# Grease Vapor Measurements



## CrepeMan (Aug 8, 2013)

Hi

I am starting a crepe shop. The crepes will be cooked on electric griddles. Specifically, griddles made by Equinox.

Our recipe for the crepe batter does not include butter but it does include vegetable oil, about 1/5 a teaspoon per crepe. Would the milk in the recipe produce grease? We put things like butter and nutella on the crepe after it is mostly cooked and has been flipped.

My question is:

How can I get an idea of how much grease vapor this will produce? My local inspector said that a new guideline came out this year that might allow me to not have to get a hood. That guideline states:

4.1.1.1- Cooking equipment that has been listed in accordance with ANSI/UL 197 or an equivalent standard for reduced emissions shall not be required to be provided with an exhaust system

4.1.1.2- The listing evaluation of cooking equipment covered by 4.1.1.1 shall demonstrate that the grease discharge at the exhaust duct of a test hood placed over the appliance shall not exceed 5mg/m3 (0.00018 oz/ft3) when operated with a total airflow of 0.236m3/s (500 cfm).

Can anyone tell me how to get an idea as to why I might fall in relation to this guideline??

Thank you very, very much in advance, for any insight you can provide


----------



## cda (Aug 8, 2013)

Well welcome

Now you know we have to do some field evaluation of this.

I like apples with mine.

Have not heard how the evaluation is done. I have seen crepes cooked before, and not sure if I would require a type I hood.

How many griddles were you planning on having??

Keep checking and you should get some good answers


----------



## cda (Aug 8, 2013)

Can't be much worse than a waffle maker at la quinta


----------



## cda (Aug 8, 2013)

UL. Looks like will test to you

But more than likely it will cost more than a hood

http://www.merrychef.com/asset/?id=qieav


----------



## cda (Aug 8, 2013)

maybe this will give you and the inspector some help as far as guidance::

check "procedures" and "standards" at the bottom and look at "standards item # 3"

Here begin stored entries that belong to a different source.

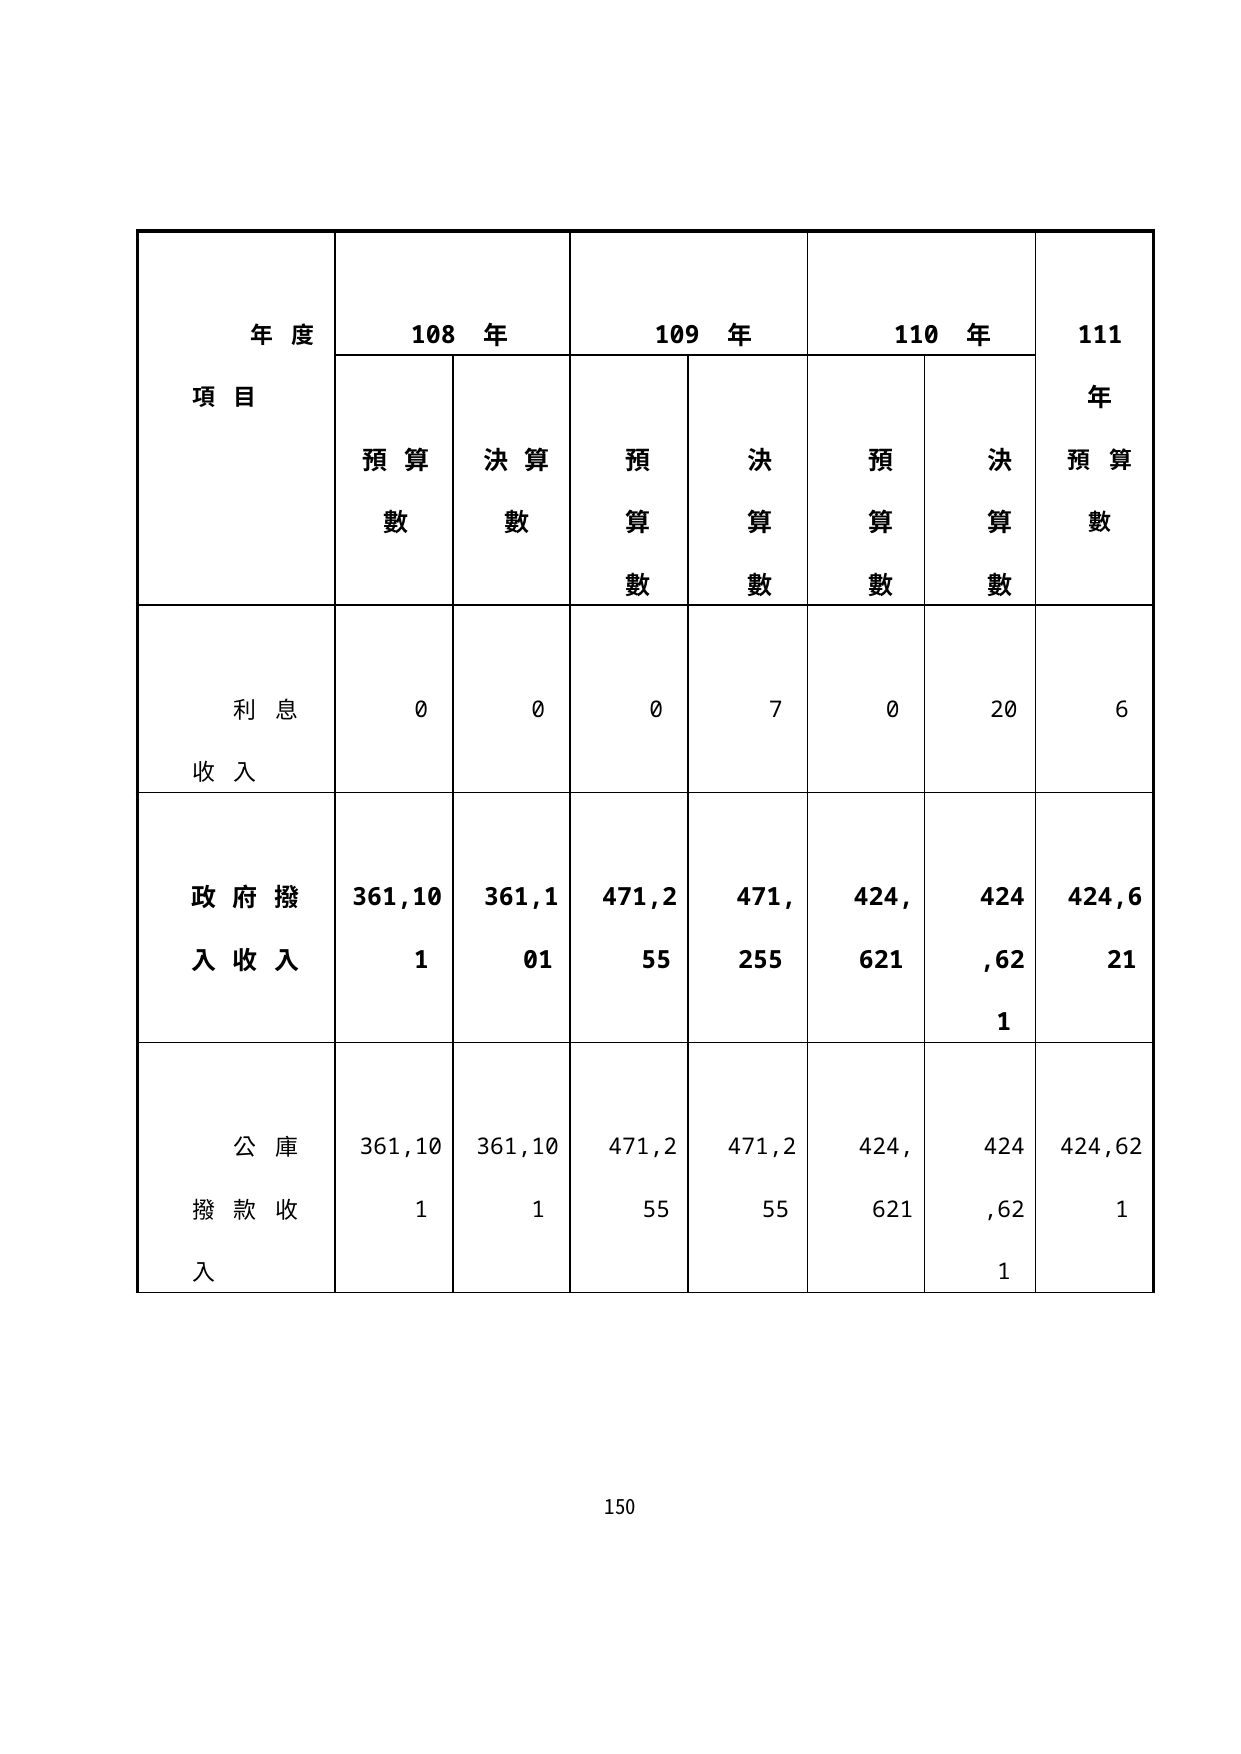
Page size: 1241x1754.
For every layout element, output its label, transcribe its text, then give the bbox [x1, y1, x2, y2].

table_cell 決算數 [925, 356, 1035, 604]
table_header 108年 [336, 233, 569, 354]
table_cell 424,621 [808, 1043, 924, 1292]
table_cell 424,621 [925, 1043, 1035, 1292]
table_cell 0 [571, 606, 687, 792]
table_cell 預算數 [808, 356, 924, 604]
table_cell 361,101 [336, 793, 452, 1042]
table_cell 361,101 [454, 1043, 569, 1292]
table_cell 7 [689, 606, 807, 792]
table_cell 0 [808, 606, 924, 792]
table_header 111年 預算數 [1036, 233, 1152, 604]
table_cell 471,255 [571, 1043, 687, 1292]
table_cell 利息收入 [139, 606, 334, 792]
table_cell 424,621 [925, 793, 1035, 1042]
table_cell 424,621 [808, 793, 924, 1042]
table_cell 決算數 [689, 356, 807, 604]
table_cell 6 [1036, 606, 1152, 792]
table_cell 424,621 [1036, 793, 1152, 1042]
table_cell 預算數 [571, 356, 687, 604]
table_cell 471,255 [689, 793, 807, 1042]
table_cell 0 [454, 606, 569, 792]
table_cell 0 [336, 606, 452, 792]
table_header 109年 [571, 233, 807, 354]
table_cell 20 [925, 606, 1035, 792]
table_cell 預算數 [336, 356, 452, 604]
table_cell 471,255 [571, 793, 687, 1042]
table_cell 361,101 [454, 793, 569, 1042]
table_cell 471,255 [689, 1043, 807, 1292]
table_header 110年 [808, 233, 1035, 354]
table_cell 政府撥入收入 [139, 793, 334, 1042]
table_header 年度 項目 [139, 233, 334, 604]
table_cell 公庫撥款收入 [139, 1043, 334, 1292]
table_cell 361,101 [336, 1043, 452, 1292]
table_cell 424,621 [1036, 1043, 1152, 1292]
table_cell 決算數 [454, 356, 569, 604]
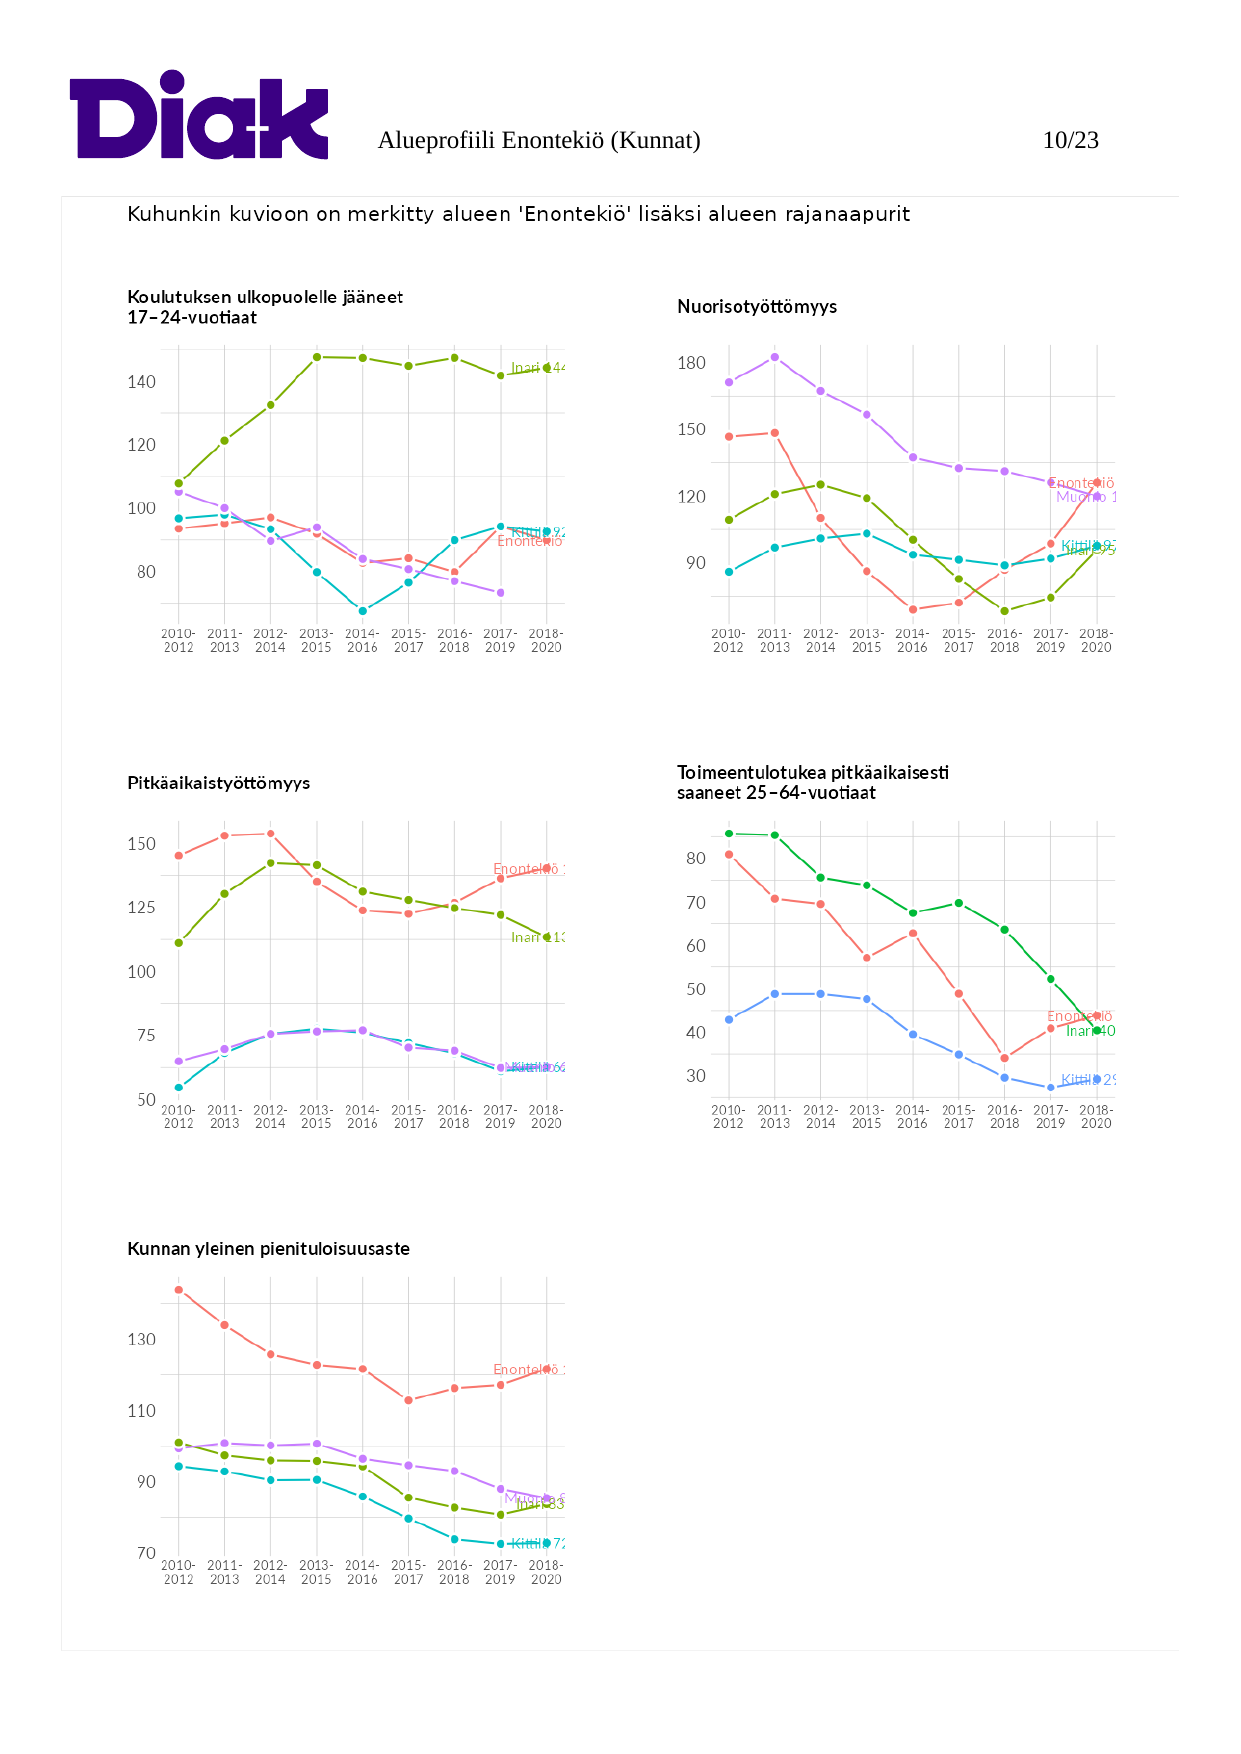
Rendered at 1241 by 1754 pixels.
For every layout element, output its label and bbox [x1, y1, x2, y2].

picture [61, 196, 1179, 1651]

http://www.ccdeh.com/document/doc_view/140-cooking-equipment-exhaust-ventilation-exemption-guide

also::

http://www.ccdeh.com/document/doc_view/128-recommended-formulas-for-mechanical-ventilation-for-specific-equipment


----------



## cda (Aug 8, 2013)

one crepe disscussion

http://www.thebuildingcodeforum.com/forum/commercial-mechanical-codes/842-type-i-type-ii-commercial-kitchen-hoods.html


----------



## Rick18071 (Aug 8, 2013)

What's to stop you from cooking hamburgers?


----------



## cda (Aug 8, 2013)

Rick18071 said:
			
		

> What's to stop you from cooking hamburgers?


On a crepe cooker?


----------



## tmurray (Aug 8, 2013)

Rick18071 said:
			
		

> What's to stop you from cooking hamburgers?


I usually only evaluate to what the designer tells me is going on. Continuous compliance inspection is handled through the fire marshal who would require compliance as violations arise.

This statement starts you down a slippery slope and usually ends with you in the mayors office being questioned as to why you are stifling development.


----------



## mark handler (Aug 8, 2013)

Rick18071 said:
			
		

> What's to stop you from cooking hamburgers?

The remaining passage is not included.